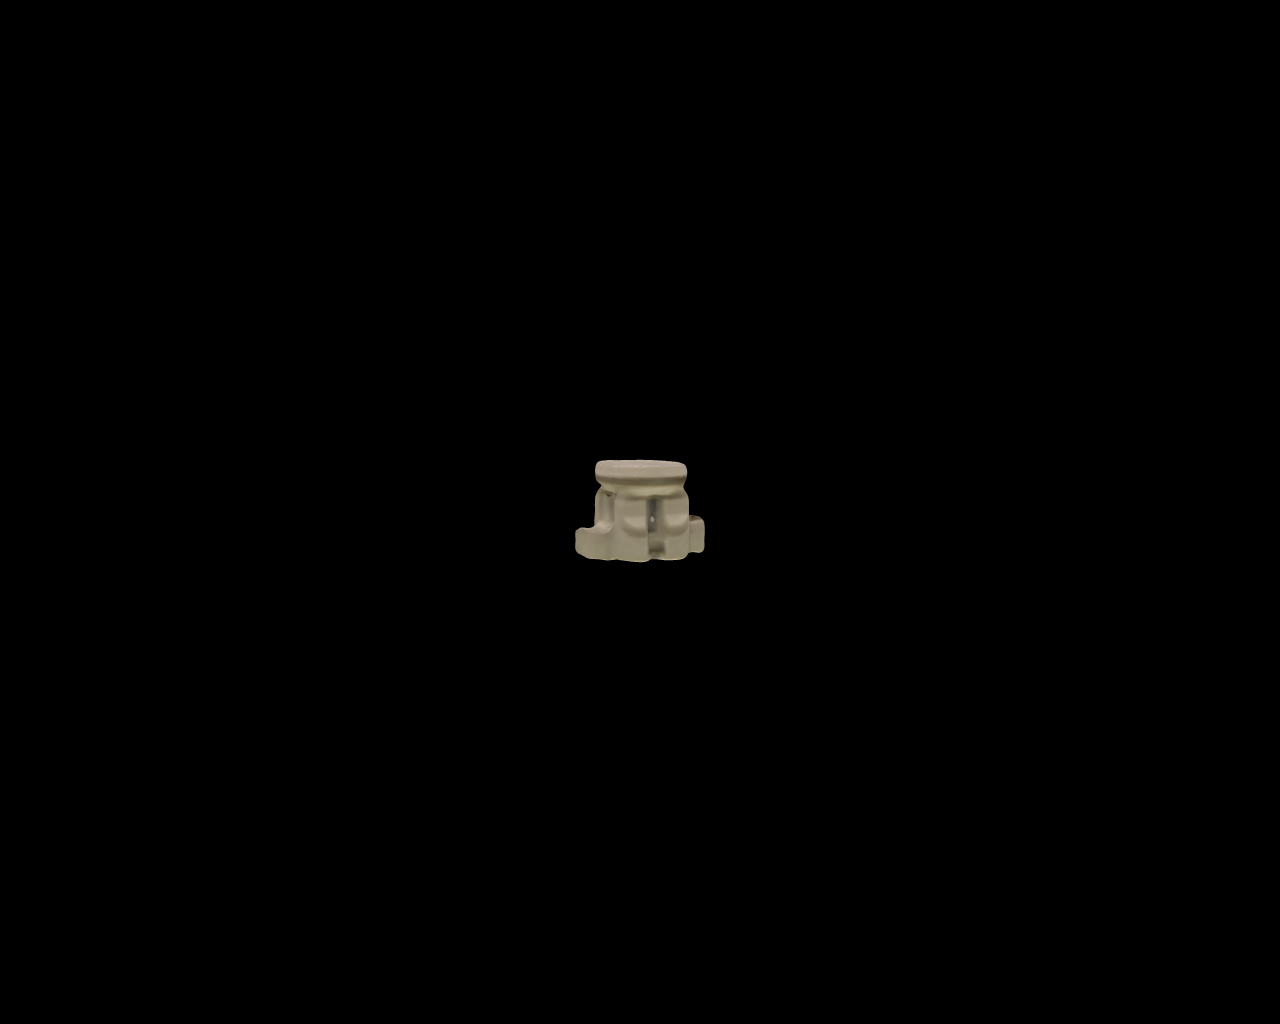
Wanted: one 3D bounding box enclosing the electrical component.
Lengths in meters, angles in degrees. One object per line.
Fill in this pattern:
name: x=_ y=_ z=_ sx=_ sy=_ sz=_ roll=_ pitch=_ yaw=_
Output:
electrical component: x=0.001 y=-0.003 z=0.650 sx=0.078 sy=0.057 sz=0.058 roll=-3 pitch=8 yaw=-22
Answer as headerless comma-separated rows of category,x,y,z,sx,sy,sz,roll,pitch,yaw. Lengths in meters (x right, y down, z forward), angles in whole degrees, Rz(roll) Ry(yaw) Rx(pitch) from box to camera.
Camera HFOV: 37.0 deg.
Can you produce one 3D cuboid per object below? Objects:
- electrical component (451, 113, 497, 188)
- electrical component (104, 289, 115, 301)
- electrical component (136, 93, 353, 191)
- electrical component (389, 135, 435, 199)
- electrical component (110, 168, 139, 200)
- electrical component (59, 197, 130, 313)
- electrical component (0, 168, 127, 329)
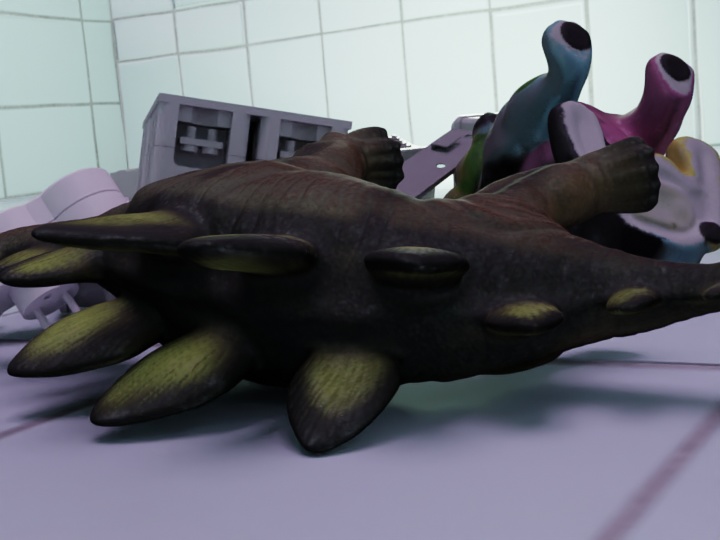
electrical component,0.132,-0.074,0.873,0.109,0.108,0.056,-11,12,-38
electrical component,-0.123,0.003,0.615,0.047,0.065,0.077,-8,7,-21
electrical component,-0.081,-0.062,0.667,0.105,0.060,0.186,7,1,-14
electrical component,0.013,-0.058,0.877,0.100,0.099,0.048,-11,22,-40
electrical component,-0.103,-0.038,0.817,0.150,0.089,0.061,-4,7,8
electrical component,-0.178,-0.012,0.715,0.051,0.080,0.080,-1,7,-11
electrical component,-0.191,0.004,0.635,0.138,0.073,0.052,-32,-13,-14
________________________
- _Your task_
Drop the images; restate the listing exactly.

- _Written answer_
Wanted: one 3D bounding box enclosing the electrical component.
Lengths in meters, angles in degrees. One object per line.
Fill in this pattern:
name: x=_ y=_ z=_ sx=_ sy=_ sz=_ roll=_ pitch=_ yaw=_
Output:
electrical component: x=0.001 y=-0.003 z=0.650 sx=0.078 sy=0.057 sz=0.058 roll=-3 pitch=8 yaw=-22
Answer as headerless comma-separated rows of category,x,y,z,sx,sy,sz,roll,pitch,yaw. Lengths in meters (x right, y down, z forward), angles in whole degrees, Rz(roll) Ry(yaw) Rx(pitch) from box to camera.
Camera HFOV: 37.0 deg.
Can you produce one 3D cuboid per object below? Objects:
- electrical component (451, 113, 497, 188)
- electrical component (104, 289, 115, 301)
- electrical component (136, 93, 353, 191)
- electrical component (389, 135, 435, 199)
- electrical component (110, 168, 139, 200)
- electrical component (59, 197, 130, 313)
- electrical component (0, 168, 127, 329)
electrical component,0.132,-0.074,0.873,0.109,0.108,0.056,-11,12,-38
electrical component,-0.123,0.003,0.615,0.047,0.065,0.077,-8,7,-21
electrical component,-0.081,-0.062,0.667,0.105,0.060,0.186,7,1,-14
electrical component,0.013,-0.058,0.877,0.100,0.099,0.048,-11,22,-40
electrical component,-0.103,-0.038,0.817,0.150,0.089,0.061,-4,7,8
electrical component,-0.178,-0.012,0.715,0.051,0.080,0.080,-1,7,-11
electrical component,-0.191,0.004,0.635,0.138,0.073,0.052,-32,-13,-14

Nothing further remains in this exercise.